Work order
Omitting every picture, output the records below exactly, please.

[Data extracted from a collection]
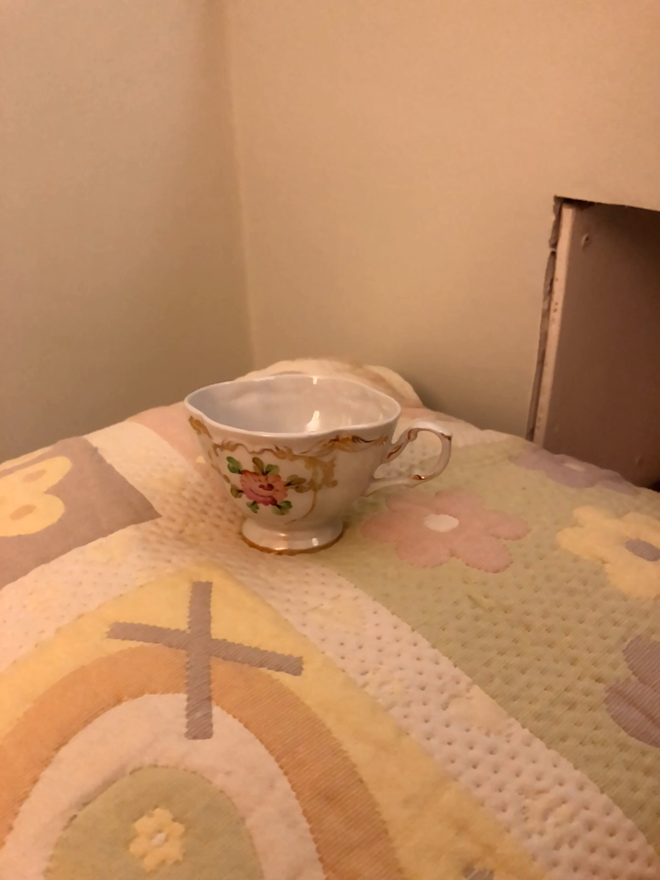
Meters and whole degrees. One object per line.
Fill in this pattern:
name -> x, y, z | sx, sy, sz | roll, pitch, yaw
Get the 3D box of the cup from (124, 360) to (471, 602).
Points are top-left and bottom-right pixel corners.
cup -> -0.008, 0.011, 0.351 | 0.140, 0.070, 0.101 | 5, 20, 12
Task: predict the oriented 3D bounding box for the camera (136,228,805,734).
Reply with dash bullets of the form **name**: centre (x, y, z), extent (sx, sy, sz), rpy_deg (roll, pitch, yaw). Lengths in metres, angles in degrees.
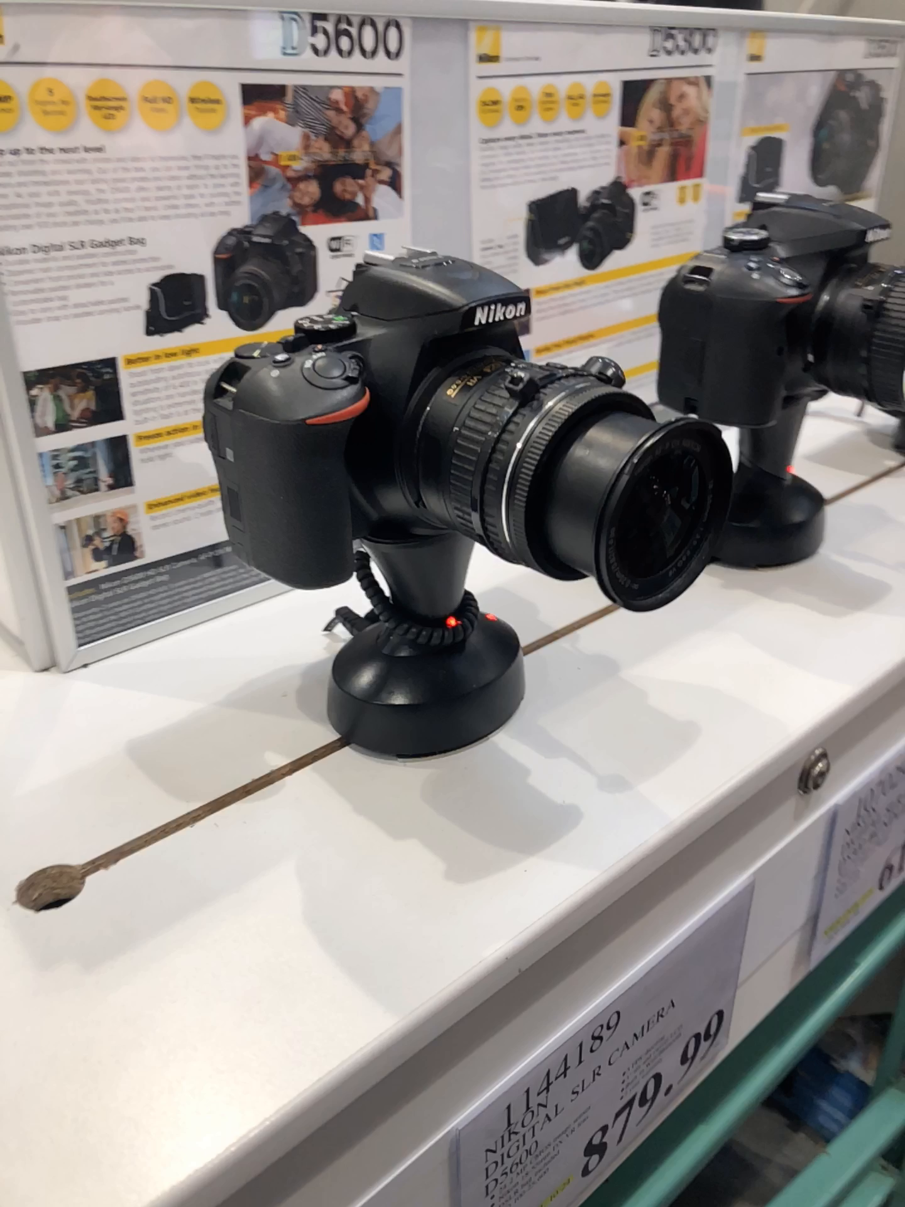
- **camera**: centre (0.001, -0.059, 0.336), extent (0.140, 0.099, 0.161), rpy_deg (-21, 34, -34)
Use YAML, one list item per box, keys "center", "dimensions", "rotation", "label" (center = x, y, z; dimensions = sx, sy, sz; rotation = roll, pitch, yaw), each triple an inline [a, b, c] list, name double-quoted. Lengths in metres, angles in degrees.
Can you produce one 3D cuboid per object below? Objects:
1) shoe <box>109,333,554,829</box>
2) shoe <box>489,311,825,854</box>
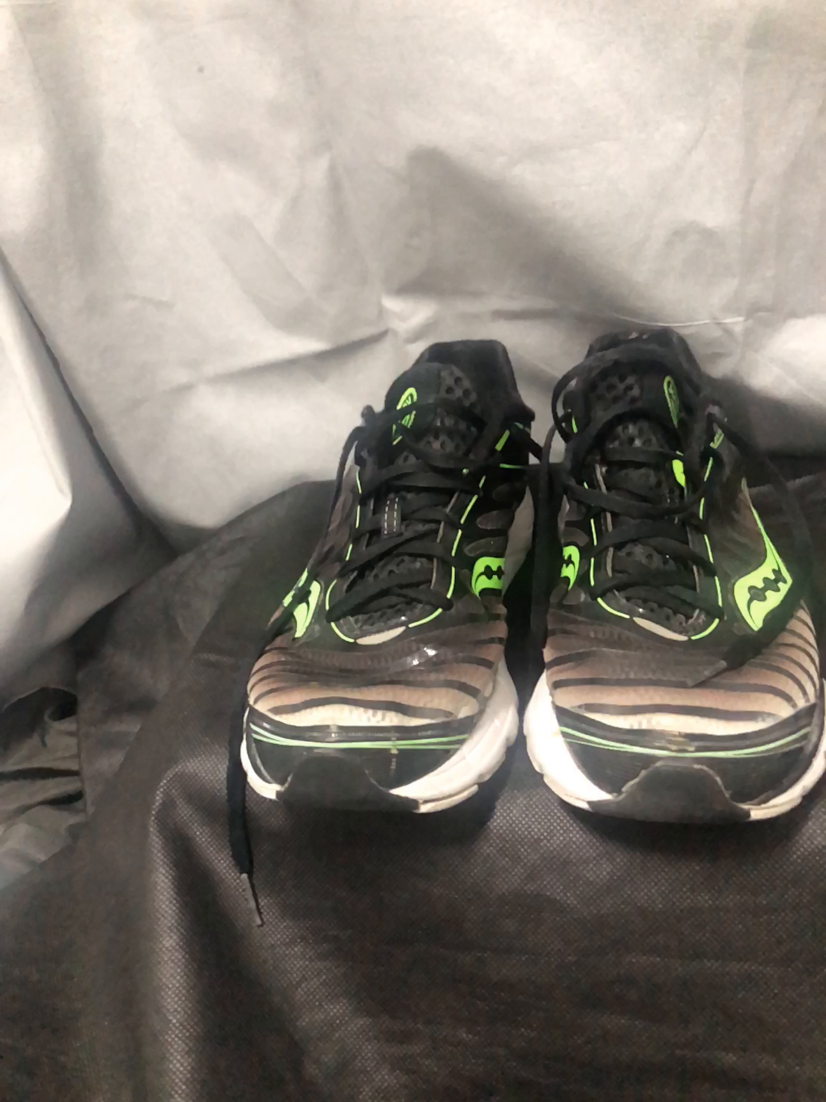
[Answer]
- center: [-0.009, -0.007, 0.384]
  dimensions: [0.117, 0.096, 0.225]
  rotation: [0, 30, 13]
  label: "shoe"
- center: [0.104, -0.009, 0.354]
  dimensions: [0.114, 0.097, 0.225]
  rotation: [0, 30, 13]
  label: "shoe"
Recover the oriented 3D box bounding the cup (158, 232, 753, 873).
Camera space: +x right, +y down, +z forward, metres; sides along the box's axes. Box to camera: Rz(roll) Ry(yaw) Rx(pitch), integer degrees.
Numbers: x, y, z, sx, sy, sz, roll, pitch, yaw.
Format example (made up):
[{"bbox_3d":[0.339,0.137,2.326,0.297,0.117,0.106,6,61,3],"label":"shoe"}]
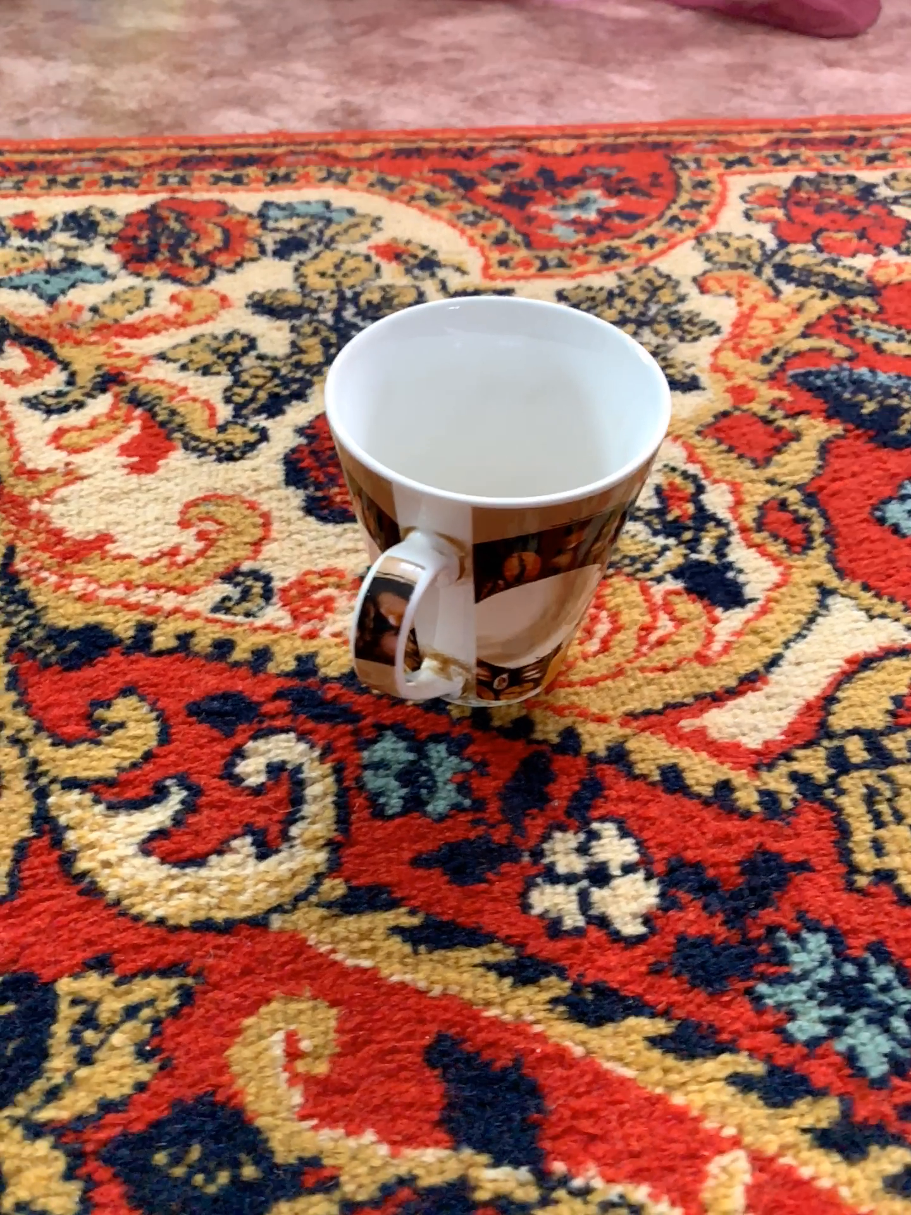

Response for this exercise
Meters and whole degrees. One object per line.
Fill in this pattern:
name -> x, y, z | sx, sy, sz | roll, pitch, yaw
Get the 3D box of the cup from (124, 360) to (471, 602).
Points are top-left and bottom-right pixel corners.
cup -> -0.008, 0.011, 0.351 | 0.140, 0.070, 0.101 | 5, 20, 12
Task: predict the oriented 3D bounding box for the camera (136,228,805,734).
Reply with dash bullets of the form **name**: centre (x, y, z), extent (sx, sy, sz), rpy_deg (roll, pitch, yaw). Lengths in metres, angles in degrees.
- **camera**: centre (0.001, -0.059, 0.336), extent (0.140, 0.099, 0.161), rpy_deg (-21, 34, -34)
Use YAML, one list item per box, keys "center", "dimensions", "rotation", "label" (center = x, y, z; dimensions = sx, sy, sz; rotation = roll, pitch, yaw), each triple an inline [a, b, c] list, name double-quoted. Lengths in metres, angles in degrees.
Can you produce one 3D cuboid per object below? Objects:
1) shoe <box>109,333,554,829</box>
2) shoe <box>489,311,825,854</box>
[Answer]
- center: [-0.009, -0.007, 0.384]
  dimensions: [0.117, 0.096, 0.225]
  rotation: [0, 30, 13]
  label: "shoe"
- center: [0.104, -0.009, 0.354]
  dimensions: [0.114, 0.097, 0.225]
  rotation: [0, 30, 13]
  label: "shoe"
Recover the oriented 3D box bounding the cup (158, 232, 753, 873).
Camera space: +x right, +y down, +z forward, metres; sides along the box's axes. Box to camera: Rz(roll) Ry(yaw) Rx(pitch), integer degrees.
Numbers: x, y, z, sx, sy, sz, roll, pitch, yaw.
Format example (made up):
[{"bbox_3d":[0.339,0.137,2.326,0.297,0.117,0.106,6,61,3],"label":"shoe"}]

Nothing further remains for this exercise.